- **Task item**
Copy each line below that contains "objects".

- **Dataset excerpts**
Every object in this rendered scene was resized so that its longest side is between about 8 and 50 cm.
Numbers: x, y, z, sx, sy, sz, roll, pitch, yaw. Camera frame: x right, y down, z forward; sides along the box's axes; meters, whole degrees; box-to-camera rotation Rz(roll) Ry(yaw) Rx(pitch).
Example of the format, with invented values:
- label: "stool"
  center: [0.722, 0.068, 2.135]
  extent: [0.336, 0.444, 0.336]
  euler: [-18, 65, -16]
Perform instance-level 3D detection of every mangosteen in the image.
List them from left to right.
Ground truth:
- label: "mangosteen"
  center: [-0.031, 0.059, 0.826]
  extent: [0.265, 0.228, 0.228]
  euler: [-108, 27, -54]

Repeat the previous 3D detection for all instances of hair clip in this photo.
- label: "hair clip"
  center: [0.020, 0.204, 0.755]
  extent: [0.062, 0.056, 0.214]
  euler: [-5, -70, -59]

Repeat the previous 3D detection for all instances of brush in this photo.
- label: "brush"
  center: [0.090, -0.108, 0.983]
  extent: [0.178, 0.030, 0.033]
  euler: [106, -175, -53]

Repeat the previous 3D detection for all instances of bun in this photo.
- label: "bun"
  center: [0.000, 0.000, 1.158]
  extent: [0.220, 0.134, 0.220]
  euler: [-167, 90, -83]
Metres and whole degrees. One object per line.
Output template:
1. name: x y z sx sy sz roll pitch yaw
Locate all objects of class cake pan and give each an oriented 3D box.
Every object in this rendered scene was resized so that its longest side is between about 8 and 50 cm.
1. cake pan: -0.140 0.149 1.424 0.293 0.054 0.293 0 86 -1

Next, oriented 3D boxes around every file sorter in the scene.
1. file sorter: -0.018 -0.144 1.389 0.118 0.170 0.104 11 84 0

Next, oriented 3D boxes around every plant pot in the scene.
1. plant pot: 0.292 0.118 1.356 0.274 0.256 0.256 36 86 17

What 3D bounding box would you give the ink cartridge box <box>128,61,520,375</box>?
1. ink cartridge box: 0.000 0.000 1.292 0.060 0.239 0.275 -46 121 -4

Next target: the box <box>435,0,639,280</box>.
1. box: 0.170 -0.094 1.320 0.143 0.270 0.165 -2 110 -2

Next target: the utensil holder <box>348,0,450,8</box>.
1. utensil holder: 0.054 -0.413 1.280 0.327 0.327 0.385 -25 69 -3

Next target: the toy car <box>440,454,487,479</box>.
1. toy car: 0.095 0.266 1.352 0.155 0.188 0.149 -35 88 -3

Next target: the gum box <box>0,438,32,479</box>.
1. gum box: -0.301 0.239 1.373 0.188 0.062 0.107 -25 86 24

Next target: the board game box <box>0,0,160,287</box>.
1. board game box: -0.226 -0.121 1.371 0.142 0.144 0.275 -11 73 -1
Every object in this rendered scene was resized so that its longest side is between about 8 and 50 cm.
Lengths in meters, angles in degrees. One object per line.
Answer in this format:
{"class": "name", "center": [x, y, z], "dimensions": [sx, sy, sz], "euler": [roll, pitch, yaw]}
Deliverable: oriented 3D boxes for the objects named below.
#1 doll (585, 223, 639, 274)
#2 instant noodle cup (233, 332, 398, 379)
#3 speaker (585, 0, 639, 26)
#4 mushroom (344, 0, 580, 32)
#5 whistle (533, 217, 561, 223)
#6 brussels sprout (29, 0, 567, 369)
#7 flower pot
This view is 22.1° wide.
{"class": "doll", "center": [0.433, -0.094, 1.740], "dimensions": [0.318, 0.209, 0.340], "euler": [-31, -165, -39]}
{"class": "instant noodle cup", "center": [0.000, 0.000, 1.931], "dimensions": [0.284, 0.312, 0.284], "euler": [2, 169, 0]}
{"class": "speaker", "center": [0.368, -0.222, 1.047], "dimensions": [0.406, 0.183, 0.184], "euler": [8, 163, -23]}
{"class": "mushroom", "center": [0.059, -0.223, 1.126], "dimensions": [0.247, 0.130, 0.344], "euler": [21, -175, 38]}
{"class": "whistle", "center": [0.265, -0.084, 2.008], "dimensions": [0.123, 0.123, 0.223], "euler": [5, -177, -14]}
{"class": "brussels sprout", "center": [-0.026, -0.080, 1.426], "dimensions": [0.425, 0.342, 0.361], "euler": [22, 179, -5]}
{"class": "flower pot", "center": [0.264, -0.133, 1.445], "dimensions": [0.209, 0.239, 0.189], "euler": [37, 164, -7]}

- **Result below**
Locate all objects of class cake pan and give each an oriented 3D box.
Deliverable: oriented 3D boxes for the objects named below.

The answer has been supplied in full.